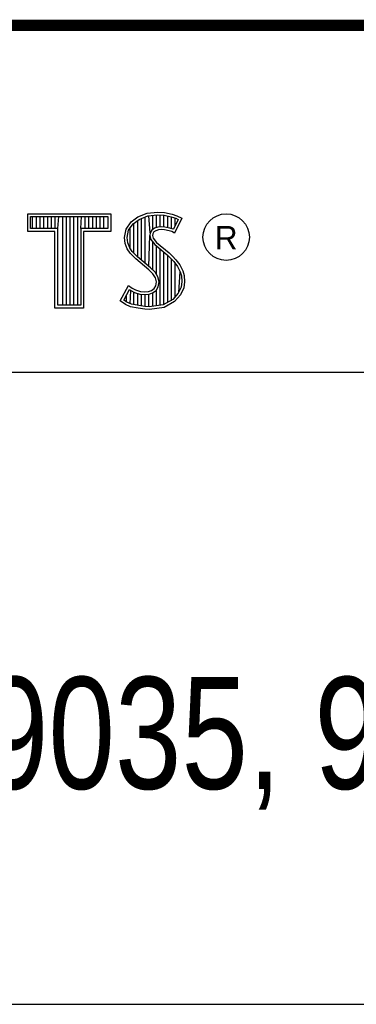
# Model space of a CAD drawing. Header units: inches. Extents: x 0 to 34, y 0 to 22.
# Tile 126 of 133: x 30.458 to 31.061, y 1.25 to 3.01. Entities that reach past the tile are written whole.
import ezdxf

# ---------------------------------------------------------------- set-up
doc = ezdxf.new("R2010")
doc.units = ezdxf.units.IN
doc.header["$LTSCALE"] = 1.87
doc.header["$MEASUREMENT"] = 0
doc.layers.get('0').update_dxf_attribs({"linetype": 'CONTINUOUS'})
doc.layers.add('NOTE', color=7, linetype='CONTINUOUS')
doc.styles.get("Standard").update_dxf_attribs({"font": 'txt', "width": 0.8})
doc.styles.add('TEXTSTYLE_2', font='txt')

# ---------------------------------------------------------------- blocks, each defined once
blk = doc.blocks.new('*T26')
at = {"color": 2, "linetype": 'Continuous'}
for p, q in [((0, 0), (5.13, 0)), ((0, 0), (0, -1.75)), ((5.13, 0), (5.13, -1.75)), ((0, -1.75), (5.13, -1.75))]:
    blk.add_line(p, q, dxfattribs=at)
at = {"layer": 'NOTE', "color": 7, "linetype": 'Continuous', "insert": (2.565, -1.165), "char_height": 0.2, "width": 6.72, "attachment_point": 2, "line_spacing_factor": 0.9}
blk.add_mtext('cRIO-9035, 9036, 9038', dxfattribs=at)

msp = doc.modelspace()

# ---------------------------------------------------------------- linework, layer by layer
at = {"color": 2, "linetype": 'Continuous'}
for p, q in [((30.4728, 2.6631), (30.6211, 2.6631)), ((30.4728, 2.6317), (30.4728, 2.6631)), ((30.4776, 2.6583), (30.6162, 2.6583)), ((30.4776, 2.6366), (30.4776, 2.6583)), ((30.4815, 2.6366), (30.4815, 2.6583)), ((30.4882, 2.6366), (30.4882, 2.6583)), ((30.495, 2.6366), (30.495, 2.6583)), ((30.5017, 2.6366), (30.5017, 2.6583)), ((30.5084, 2.6366), (30.5084, 2.6583)), ((30.5151, 2.6366), (30.5151, 2.6583)), ((30.5218, 2.6366), (30.5218, 2.6583)), ((30.5263, 2.6366), (30.5285, 2.6583)), ((30.5352, 2.4996), (30.5352, 2.6583)), ((30.5419, 2.4996), (30.5419, 2.6583)), ((30.5486, 2.4996), (30.5486, 2.6583)), ((30.5554, 2.4996), (30.5554, 2.6583)), ((30.5621, 2.4996), (30.5621, 2.6583)), ((30.5676, 2.6366), (30.5688, 2.6583)), ((30.5755, 2.6366), (30.5755, 2.6583)), ((30.5822, 2.6366), (30.5822, 2.6583)), ((30.5889, 2.6366), (30.5889, 2.6583)), ((30.5956, 2.6366), (30.5956, 2.6583)), ((30.6023, 2.6366), (30.6023, 2.6583)), ((30.609, 2.6366), (30.609, 2.6583)), ((30.6162, 2.6583), (30.6162, 2.6366)), ((30.6211, 2.6631), (30.6211, 2.6317)), ((30.6577, 2.6488), (30.6695, 2.6575)), ((30.6695, 2.6575), (30.6863, 2.6642)), ((30.6719, 2.6532), (30.6875, 2.6594)), ((30.6829, 2.5748), (30.6829, 2.6576)), ((30.6863, 2.6642), (30.7049, 2.6662)), ((30.6875, 2.6594), (30.705, 2.6613)), ((30.6917, 2.629), (30.6896, 2.6596)), ((30.6963, 2.635), (30.6963, 2.6604)), ((30.703, 2.6384), (30.703, 2.6611)), ((30.7049, 2.6662), (30.7173, 2.6653)), ((30.705, 2.6613), (30.7166, 2.6605)), ((30.7097, 2.6396), (30.7097, 2.661)), ((30.7164, 2.6396), (30.7164, 2.6605)), ((30.7166, 2.6605), (30.7296, 2.6577)), ((30.7173, 2.6653), (30.7309, 2.6624)), ((30.7231, 2.6385), (30.7231, 2.6591)), ((30.7296, 2.6577), (30.7375, 2.655)), ((30.7299, 2.6368), (30.7299, 2.6576)), ((30.7309, 2.6624), (30.7393, 2.6595)), ((30.7393, 2.6595), (30.7486, 2.6552)), ((30.6487, 2.6355), (30.6577, 2.6488)), ((30.6533, 2.6336), (30.6612, 2.6454)), ((30.6612, 2.6454), (30.6719, 2.6532)), ((30.6627, 2.5927), (30.6627, 2.6465)), ((30.6695, 2.586), (30.6695, 2.6514)), ((30.6762, 2.5804), (30.6762, 2.6549)), ((30.7117, 2.6398), (30.7056, 2.6392)), ((30.7179, 2.6395), (30.7117, 2.6398)), ((30.742, 2.6529), (30.7333, 2.6355)), ((30.7486, 2.6552), (30.7353, 2.6286)), ((30.7366, 2.642), (30.7366, 2.6553)), ((30.7375, 2.655), (30.742, 2.6529)), ((30.5214, 2.6317), (30.4728, 2.6317)), ((30.5263, 2.6366), (30.4776, 2.6366)), ((30.5214, 2.4947), (30.5214, 2.6317)), ((30.5263, 2.4996), (30.5263, 2.6366)), ((30.6162, 2.6366), (30.5676, 2.6366)), ((30.5676, 2.6366), (30.5676, 2.4996)), ((30.6211, 2.6317), (30.5724, 2.6317)), ((30.5724, 2.6317), (30.5724, 2.4947)), ((30.6458, 2.621), (30.6487, 2.6355)), ((30.6507, 2.6208), (30.6533, 2.6336)), ((30.656, 2.5999), (30.656, 2.6377)), ((30.6896, 2.5692), (30.6912, 2.6242)), ((30.6917, 2.629), (30.6912, 2.6242)), ((30.6912, 2.6242), (30.6928, 2.6171)), ((30.6949, 2.634), (30.6917, 2.629)), ((30.6995, 2.6373), (30.6949, 2.634)), ((30.6965, 2.6274), (30.6962, 2.6245)), ((30.6962, 2.6245), (30.6973, 2.6193)), ((30.6985, 2.6306), (30.6965, 2.6274)), ((30.7017, 2.6329), (30.6985, 2.6306)), ((30.7056, 2.6392), (30.6995, 2.6373)), ((30.7066, 2.6344), (30.7017, 2.6329)), ((30.7118, 2.6349), (30.7066, 2.6344)), ((30.7173, 2.6346), (30.7118, 2.6349)), ((30.726, 2.6329), (30.7173, 2.6346)), ((30.7272, 2.6376), (30.7179, 2.6395)), ((30.7306, 2.6315), (30.726, 2.6329)), ((30.7327, 2.6359), (30.7272, 2.6376)), ((30.7353, 2.6286), (30.7306, 2.6315)), ((30.7333, 2.6355), (30.7327, 2.6359)), ((30.6469, 2.61), (30.6458, 2.621)), ((30.6507, 2.6002), (30.6469, 2.61)), ((30.6517, 2.6112), (30.6507, 2.6208)), ((30.6551, 2.6025), (30.6517, 2.6112)), ((30.6928, 2.6171), (30.6999, 2.6083)), ((30.6963, 2.563), (30.6963, 2.6128)), ((30.6973, 2.6193), (30.7034, 2.6118)), ((30.6999, 2.6083), (30.7224, 2.5896)), ((30.703, 2.5548), (30.703, 2.6058)), ((30.7034, 2.6118), (30.7257, 2.5932)), ((30.6559, 2.5927), (30.6507, 2.6002)), ((30.6597, 2.5958), (30.6551, 2.6025)), ((30.6661, 2.5825), (30.6559, 2.5927)), ((30.6637, 2.5918), (30.6597, 2.5958)), ((30.6694, 2.5861), (30.6637, 2.5918)), ((30.7097, 2.4997), (30.7097, 2.6002)), ((30.7164, 2.5006), (30.7164, 2.5946)), ((30.7224, 2.5896), (30.7283, 2.5837)), ((30.7231, 2.5049), (30.7231, 2.5889)), ((30.7257, 2.5932), (30.7318, 2.5872)), ((30.7318, 2.5872), (30.7379, 2.5808)), ((30.6892, 2.5631), (30.6661, 2.5825)), ((30.6925, 2.5667), (30.6694, 2.5861)), ((30.7283, 2.5837), (30.7342, 2.5776)), ((30.7299, 2.5074), (30.7299, 2.5821)), ((30.7342, 2.5776), (30.7407, 2.5692)), ((30.7366, 2.5148), (30.7366, 2.5745)), ((30.7379, 2.5808), (30.7448, 2.5718)), ((30.7407, 2.5692), (30.7455, 2.5596)), ((30.7448, 2.5718), (30.7501, 2.5614)), ((30.6968, 2.5556), (30.6892, 2.5631)), ((30.7006, 2.5587), (30.6925, 2.5667)), ((30.7011, 2.5487), (30.6968, 2.5556)), ((30.7056, 2.5506), (30.7006, 2.5587)), ((30.7433, 2.5222), (30.7455, 2.5596)), ((30.7455, 2.5596), (30.7478, 2.5521)), ((30.7478, 2.5521), (30.7486, 2.5419)), ((30.7501, 2.5614), (30.7527, 2.553)), ((30.7527, 2.553), (30.7535, 2.5417)), ((30.638, 2.5073), (30.653, 2.535)), ((30.653, 2.535), (30.6594, 2.5304)), ((30.6988, 2.5295), (30.7017, 2.5342)), ((30.7031, 2.5414), (30.7011, 2.5487)), ((30.7017, 2.5342), (30.7031, 2.5414)), ((30.7081, 2.5416), (30.7056, 2.5506)), ((30.7063, 2.5323), (30.7081, 2.5416)), ((30.7486, 2.5419), (30.7471, 2.5321)), ((30.7535, 2.5417), (30.7518, 2.5307)), ((30.6444, 2.5088), (30.6547, 2.5278)), ((30.6493, 2.5054), (30.6493, 2.518)), ((30.6547, 2.5278), (30.6569, 2.5262)), ((30.656, 2.5023), (30.6569, 2.5262)), ((30.6569, 2.5262), (30.6639, 2.5227)), ((30.6594, 2.5304), (30.6658, 2.5272)), ((30.6627, 2.5008), (30.6627, 2.5231)), ((30.6639, 2.5227), (30.6731, 2.5196)), ((30.6658, 2.5272), (30.6742, 2.5243)), ((30.6695, 2.4993), (30.6695, 2.5208)), ((30.6731, 2.5196), (30.6816, 2.5186)), ((30.6742, 2.5243), (30.6817, 2.5235)), ((30.6762, 2.4983), (30.6762, 2.5192)), ((30.6816, 2.5186), (30.6898, 2.5192)), ((30.6817, 2.5235), (30.6887, 2.524)), ((30.6829, 2.4973), (30.6829, 2.5184)), ((30.6887, 2.524), (30.6939, 2.5261)), ((30.6896, 2.497), (30.6896, 2.5192)), ((30.6898, 2.5192), (30.6962, 2.5217)), ((30.6939, 2.5261), (30.6988, 2.5295)), ((30.6962, 2.5217), (30.7024, 2.5261)), ((30.6963, 2.4979), (30.6963, 2.5218)), ((30.7024, 2.5261), (30.7063, 2.5323)), ((30.703, 2.4988), (30.703, 2.5266)), ((30.7421, 2.521), (30.7322, 2.51)), ((30.7463, 2.5183), (30.7353, 2.5061)), ((30.7471, 2.5321), (30.7421, 2.521)), ((30.7518, 2.5307), (30.7463, 2.5183)), ((30.5676, 2.4996), (30.5263, 2.4996)), ((30.6475, 2.5009), (30.638, 2.5073)), ((30.6498, 2.5052), (30.6444, 2.5088)), ((30.6568, 2.4971), (30.6475, 2.5009)), ((30.6582, 2.5018), (30.6498, 2.5052)), ((30.6713, 2.499), (30.6582, 2.5018)), ((30.6824, 2.4974), (30.6713, 2.499)), ((30.7152, 2.5004), (30.6902, 2.4971)), ((30.7322, 2.51), (30.7152, 2.5004)), ((30.7353, 2.5061), (30.7167, 2.4957)), ((30.5724, 2.4947), (30.5214, 2.4947)), ((30.6704, 2.4942), (30.6568, 2.4971)), ((30.682, 2.4925), (30.6704, 2.4942)), ((30.6904, 2.4922), (30.682, 2.4925)), ((30.6902, 2.4971), (30.6824, 2.4974)), ((30.7167, 2.4957), (30.6904, 2.4922)), ((28.7231, 2.38), (33.5, 2.38))]:
    msp.add_line(p, q, dxfattribs=at)
at = {"color": 7, "linetype": 'Continuous', "const_width": 0.02}
msp.add_lwpolyline([(25.58, 3), (33.5, 3)], dxfattribs=at)
at = {"color": 2, "linetype": 'Continuous'}
msp.add_circle((30.8277, 2.6214), 0.0416, dxfattribs=at)

# ---------------------------------------------------------------- block references
msp.add_blockref('*T26', (28.3793, 3.0003))

# ---------------------------------------------------------------- texts
at = {"color": 2, "linetype": 'Continuous', "insert": (30.8076, 2.6413), "char_height": 0.042, "width": 0.041979, "attachment_point": 1, "line_spacing_factor": 0.9, "style": 'TEXTSTYLE_2'}
msp.add_mtext('R', dxfattribs=at)

doc.saveas('drawing.dxf')

Activity>
Wherever a line above contains the string "NOTE", count it; then give the total alone.

Task solution>
2